My choice of applicator is a 2 inch foam brush. No brush hairs to deal with and it spreads on without brush marks.

Step 4- Ready to Lay Some Varnish

Okay, we are about ready but there's one additional step you need to do. Brightwork has a inclination to get mold under the varnish on the teak over time. You'll need to kill any likely spores with a rag moistened with bleach and wiped over the teak before the first coat. The bleach will not raise the grain nor will it harm any bare teak.

OK, let's varnish.

Dampen the foam brush with Cetol and apply the varnish to the teak in about 6-10 inch stokes. Apply it lightly to avoid runs always watching your work to catch that run that does occur. Always keep a wet edge, meaning you work your way into the previously wetted areas to avoid drags from drying varnish. The going appears slow but it moves quickly.

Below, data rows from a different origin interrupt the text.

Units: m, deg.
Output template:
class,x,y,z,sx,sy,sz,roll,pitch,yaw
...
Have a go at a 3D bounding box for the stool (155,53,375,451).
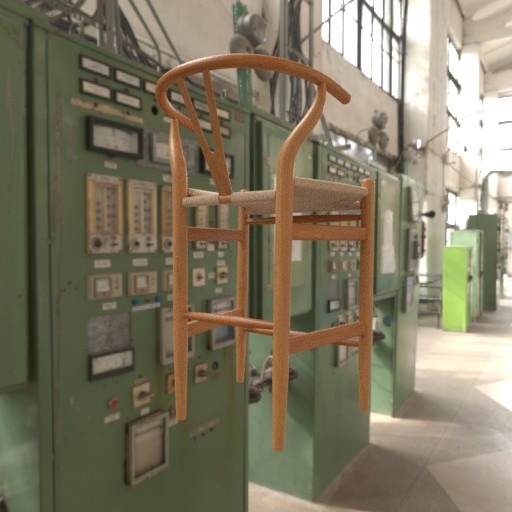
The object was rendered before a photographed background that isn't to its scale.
class,x,y,z,sx,sy,sz,roll,pitch,yaw
stool,0.000,0.000,1.330,0.569,0.970,0.579,1,2,35

You'll need to let each coat dry before reapplying another; perhaps two or even three can be applied in a single day if the weather permits. I use a tack rag to get rid of any dust before laying another coat. There is no requirement to sand between coats when using Cetol.

About 6 coats will give you a lovely finish.

Time - 2 hrs. for coat

Complete application time - 6 hours

Step 4- Clean Up

Think back, we put the tape on certain spots for catching the overlooked brush strokes? It required me about 5 minutes to remove it all. I passed nearly 4 hours with a Dremel tool and brush some time ago removing the varnish that the Patricia Ann's past owner had "applied".

It looks pretty good. All said it took the Admiral and I a total of 8.5 hours out of a 2 day weekend to get the bright work back into Bristol shape. maintaining teak brightwork is not such a bid chore after all.

The author, Mike Dickens, is a trawler owner and owner/Broker of Paradise Yachts located in Florida USA.